(Dataset entries)
--------

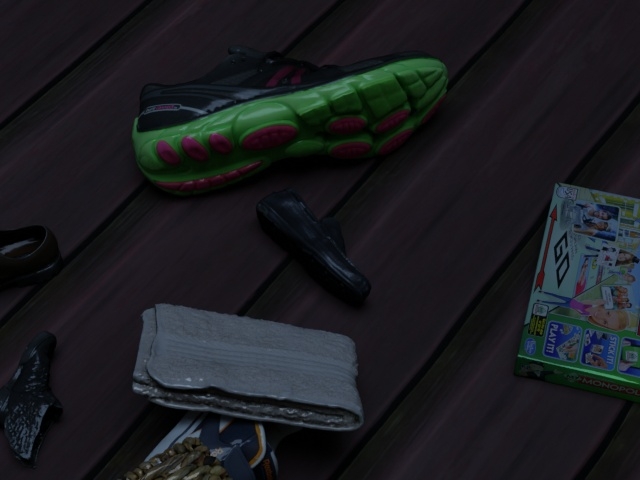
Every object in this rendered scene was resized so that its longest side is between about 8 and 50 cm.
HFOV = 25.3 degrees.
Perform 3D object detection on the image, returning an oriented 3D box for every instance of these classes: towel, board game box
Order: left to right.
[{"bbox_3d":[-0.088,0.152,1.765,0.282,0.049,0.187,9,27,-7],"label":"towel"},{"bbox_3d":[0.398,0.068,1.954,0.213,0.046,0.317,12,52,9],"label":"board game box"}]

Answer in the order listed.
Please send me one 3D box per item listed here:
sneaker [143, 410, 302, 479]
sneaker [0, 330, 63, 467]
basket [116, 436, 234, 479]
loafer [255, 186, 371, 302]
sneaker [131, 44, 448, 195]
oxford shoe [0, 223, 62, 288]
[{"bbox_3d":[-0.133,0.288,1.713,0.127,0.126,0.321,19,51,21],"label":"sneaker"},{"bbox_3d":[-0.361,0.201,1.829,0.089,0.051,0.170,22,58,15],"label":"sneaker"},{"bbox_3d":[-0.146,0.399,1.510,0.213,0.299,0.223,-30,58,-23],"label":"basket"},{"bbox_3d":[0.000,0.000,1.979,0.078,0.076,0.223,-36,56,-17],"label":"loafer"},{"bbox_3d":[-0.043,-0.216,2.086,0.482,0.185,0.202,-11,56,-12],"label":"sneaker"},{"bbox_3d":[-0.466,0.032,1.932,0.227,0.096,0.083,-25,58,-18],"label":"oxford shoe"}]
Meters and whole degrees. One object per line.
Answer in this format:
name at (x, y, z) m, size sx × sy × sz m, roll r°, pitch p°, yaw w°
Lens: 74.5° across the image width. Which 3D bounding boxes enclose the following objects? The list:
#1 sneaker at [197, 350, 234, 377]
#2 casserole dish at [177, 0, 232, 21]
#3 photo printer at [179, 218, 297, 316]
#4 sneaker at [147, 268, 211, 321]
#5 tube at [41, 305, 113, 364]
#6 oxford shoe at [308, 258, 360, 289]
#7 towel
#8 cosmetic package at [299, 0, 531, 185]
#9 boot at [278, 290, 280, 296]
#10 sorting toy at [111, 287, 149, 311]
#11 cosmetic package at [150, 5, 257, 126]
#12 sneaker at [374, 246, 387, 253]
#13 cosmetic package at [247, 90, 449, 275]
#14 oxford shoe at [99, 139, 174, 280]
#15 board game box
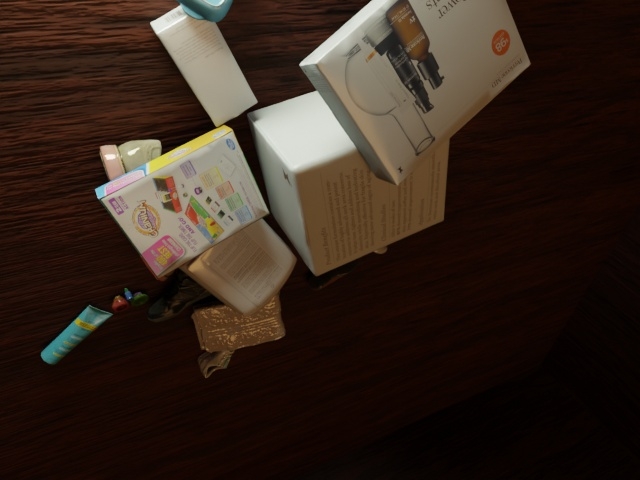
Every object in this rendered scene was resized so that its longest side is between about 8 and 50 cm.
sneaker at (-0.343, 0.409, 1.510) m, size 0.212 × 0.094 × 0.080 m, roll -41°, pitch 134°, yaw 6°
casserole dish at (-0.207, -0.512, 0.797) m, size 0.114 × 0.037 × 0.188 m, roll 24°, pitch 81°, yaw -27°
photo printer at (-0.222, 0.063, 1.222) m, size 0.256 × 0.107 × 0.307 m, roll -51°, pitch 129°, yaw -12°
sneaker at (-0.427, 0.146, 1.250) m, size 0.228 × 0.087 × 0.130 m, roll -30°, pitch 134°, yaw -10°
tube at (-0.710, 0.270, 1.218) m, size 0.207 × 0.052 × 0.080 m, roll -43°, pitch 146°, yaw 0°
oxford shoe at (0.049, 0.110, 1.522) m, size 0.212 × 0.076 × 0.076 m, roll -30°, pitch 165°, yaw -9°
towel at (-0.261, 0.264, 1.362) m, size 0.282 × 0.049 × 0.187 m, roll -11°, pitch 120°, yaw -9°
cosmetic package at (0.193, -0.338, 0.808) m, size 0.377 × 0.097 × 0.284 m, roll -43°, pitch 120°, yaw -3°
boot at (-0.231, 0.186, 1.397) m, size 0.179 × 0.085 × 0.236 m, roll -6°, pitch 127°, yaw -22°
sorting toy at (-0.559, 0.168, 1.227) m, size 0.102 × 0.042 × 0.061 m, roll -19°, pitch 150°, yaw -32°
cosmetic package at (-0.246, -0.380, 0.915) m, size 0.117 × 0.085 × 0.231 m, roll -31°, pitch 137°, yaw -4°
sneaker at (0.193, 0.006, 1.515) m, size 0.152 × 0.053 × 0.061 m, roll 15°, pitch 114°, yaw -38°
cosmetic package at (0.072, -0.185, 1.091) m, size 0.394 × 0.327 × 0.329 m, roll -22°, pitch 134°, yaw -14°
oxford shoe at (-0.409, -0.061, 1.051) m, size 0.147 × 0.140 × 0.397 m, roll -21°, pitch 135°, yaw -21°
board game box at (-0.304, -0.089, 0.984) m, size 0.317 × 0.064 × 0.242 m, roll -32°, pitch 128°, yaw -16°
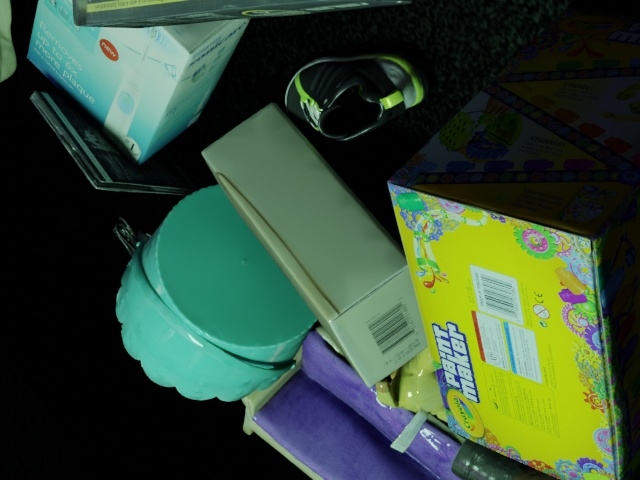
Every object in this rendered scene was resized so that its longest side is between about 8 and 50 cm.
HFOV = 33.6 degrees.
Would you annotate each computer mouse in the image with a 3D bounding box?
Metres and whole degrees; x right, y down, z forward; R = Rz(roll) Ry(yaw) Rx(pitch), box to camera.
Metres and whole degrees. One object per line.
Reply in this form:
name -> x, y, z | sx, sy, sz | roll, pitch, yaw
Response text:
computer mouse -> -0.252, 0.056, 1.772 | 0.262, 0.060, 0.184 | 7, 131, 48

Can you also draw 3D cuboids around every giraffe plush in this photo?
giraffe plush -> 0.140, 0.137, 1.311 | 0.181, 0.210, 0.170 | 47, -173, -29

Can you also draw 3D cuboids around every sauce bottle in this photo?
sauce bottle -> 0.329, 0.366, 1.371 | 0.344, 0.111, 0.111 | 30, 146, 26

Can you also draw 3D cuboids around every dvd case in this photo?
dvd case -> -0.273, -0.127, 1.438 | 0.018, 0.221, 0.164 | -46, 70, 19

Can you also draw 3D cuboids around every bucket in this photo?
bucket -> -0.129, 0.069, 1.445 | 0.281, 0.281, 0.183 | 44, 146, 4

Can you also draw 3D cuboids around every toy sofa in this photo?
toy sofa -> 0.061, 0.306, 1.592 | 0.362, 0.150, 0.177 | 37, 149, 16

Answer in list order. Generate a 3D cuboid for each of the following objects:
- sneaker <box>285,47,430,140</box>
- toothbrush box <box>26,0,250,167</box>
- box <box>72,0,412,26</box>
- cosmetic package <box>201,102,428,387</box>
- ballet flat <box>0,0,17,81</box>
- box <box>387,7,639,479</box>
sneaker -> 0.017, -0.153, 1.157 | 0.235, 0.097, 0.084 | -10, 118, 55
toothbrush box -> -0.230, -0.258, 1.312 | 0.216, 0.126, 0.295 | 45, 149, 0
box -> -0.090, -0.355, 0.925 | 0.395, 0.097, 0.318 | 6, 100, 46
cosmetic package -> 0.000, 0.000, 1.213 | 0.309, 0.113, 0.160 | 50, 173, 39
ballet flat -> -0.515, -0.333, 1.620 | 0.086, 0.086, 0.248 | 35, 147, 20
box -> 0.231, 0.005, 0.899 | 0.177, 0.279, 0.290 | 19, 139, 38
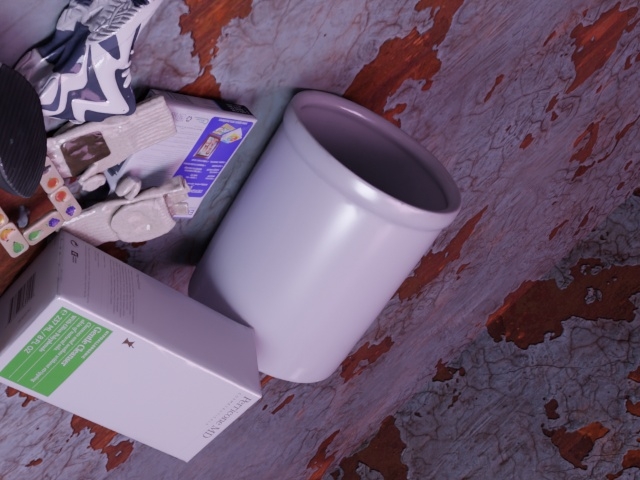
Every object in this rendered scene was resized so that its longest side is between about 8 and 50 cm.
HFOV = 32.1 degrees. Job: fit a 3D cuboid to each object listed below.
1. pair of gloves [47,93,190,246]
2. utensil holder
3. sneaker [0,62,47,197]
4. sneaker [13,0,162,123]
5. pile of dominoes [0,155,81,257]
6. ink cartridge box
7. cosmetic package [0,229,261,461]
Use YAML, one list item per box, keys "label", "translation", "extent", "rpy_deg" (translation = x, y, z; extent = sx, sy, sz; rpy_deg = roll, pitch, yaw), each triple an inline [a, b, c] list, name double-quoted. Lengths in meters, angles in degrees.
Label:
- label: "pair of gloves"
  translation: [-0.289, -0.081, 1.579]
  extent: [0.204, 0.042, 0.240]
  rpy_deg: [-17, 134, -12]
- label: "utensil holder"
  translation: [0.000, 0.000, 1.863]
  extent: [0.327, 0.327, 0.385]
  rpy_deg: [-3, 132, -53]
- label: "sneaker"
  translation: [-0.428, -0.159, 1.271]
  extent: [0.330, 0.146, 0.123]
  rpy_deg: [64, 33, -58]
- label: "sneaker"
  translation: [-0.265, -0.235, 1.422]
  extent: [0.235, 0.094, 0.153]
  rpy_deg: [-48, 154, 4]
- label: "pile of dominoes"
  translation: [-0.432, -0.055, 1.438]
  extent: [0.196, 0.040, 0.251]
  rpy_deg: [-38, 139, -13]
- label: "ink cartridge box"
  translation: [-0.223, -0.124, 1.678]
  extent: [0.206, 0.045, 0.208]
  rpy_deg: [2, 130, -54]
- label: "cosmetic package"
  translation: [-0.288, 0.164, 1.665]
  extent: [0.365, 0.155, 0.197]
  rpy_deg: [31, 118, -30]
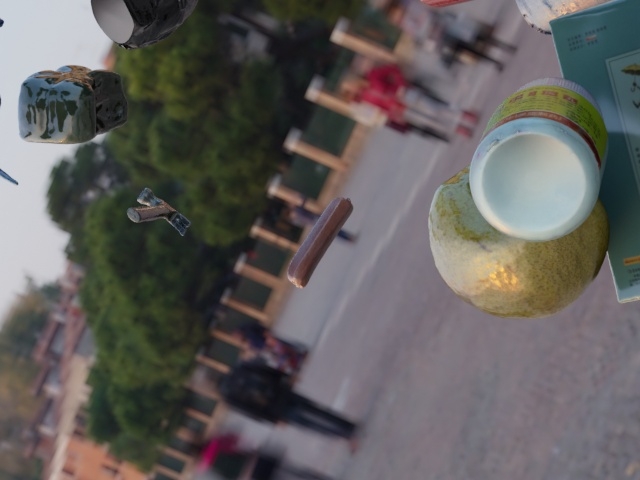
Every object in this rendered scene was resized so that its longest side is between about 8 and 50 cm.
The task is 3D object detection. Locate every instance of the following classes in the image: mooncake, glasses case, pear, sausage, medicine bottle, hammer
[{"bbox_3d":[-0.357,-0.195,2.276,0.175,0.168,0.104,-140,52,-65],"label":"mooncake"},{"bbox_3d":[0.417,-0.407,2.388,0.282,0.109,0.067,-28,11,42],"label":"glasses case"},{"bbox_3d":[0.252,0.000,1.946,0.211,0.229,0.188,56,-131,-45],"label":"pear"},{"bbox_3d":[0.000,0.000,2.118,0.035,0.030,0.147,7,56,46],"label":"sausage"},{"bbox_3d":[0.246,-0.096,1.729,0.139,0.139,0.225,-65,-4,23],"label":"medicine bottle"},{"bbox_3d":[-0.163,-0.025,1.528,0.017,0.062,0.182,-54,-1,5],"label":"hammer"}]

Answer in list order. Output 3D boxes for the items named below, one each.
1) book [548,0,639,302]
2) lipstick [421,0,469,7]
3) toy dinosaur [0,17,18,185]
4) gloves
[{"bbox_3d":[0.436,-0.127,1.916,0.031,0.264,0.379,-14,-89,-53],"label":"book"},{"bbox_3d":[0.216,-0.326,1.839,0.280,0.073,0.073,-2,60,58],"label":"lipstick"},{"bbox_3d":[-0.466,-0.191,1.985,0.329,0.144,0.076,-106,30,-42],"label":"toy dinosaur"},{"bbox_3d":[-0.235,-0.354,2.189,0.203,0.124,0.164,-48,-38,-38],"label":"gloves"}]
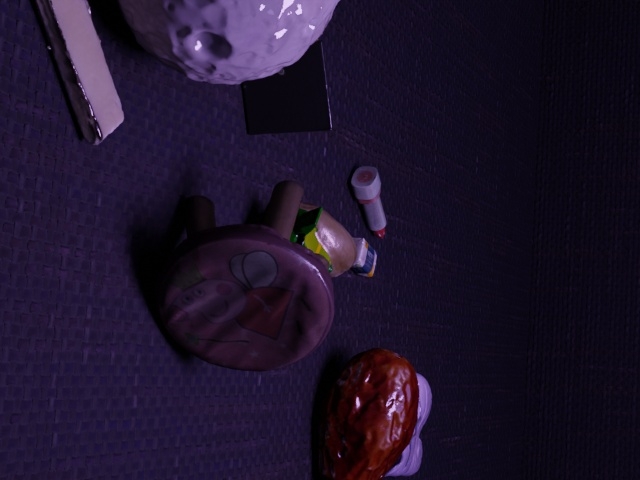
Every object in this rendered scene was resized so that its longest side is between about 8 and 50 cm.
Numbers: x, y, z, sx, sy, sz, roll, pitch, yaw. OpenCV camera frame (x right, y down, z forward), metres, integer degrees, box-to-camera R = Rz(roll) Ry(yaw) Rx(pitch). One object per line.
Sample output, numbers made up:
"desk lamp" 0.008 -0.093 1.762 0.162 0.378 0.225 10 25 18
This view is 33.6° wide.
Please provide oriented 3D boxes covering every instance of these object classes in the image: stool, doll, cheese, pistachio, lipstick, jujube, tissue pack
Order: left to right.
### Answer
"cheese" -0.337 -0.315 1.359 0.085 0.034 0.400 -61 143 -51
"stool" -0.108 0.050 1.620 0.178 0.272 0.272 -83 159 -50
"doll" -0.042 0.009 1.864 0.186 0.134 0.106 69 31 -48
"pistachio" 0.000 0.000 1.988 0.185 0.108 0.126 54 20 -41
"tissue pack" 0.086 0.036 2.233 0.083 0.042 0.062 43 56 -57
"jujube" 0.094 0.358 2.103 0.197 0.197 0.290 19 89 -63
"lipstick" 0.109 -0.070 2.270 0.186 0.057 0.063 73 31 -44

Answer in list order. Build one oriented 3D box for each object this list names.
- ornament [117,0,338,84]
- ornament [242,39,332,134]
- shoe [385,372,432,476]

--------

▶ _Aim of the task_:
Check each line above for the word "below" and copy every line that has it.

▶ _Answer space_:
HFOV = 32.1 degrees. Job: fit a 3D cuboid to each object listed below.
Answer in list order. Output 3D boxes for the items named below, one each.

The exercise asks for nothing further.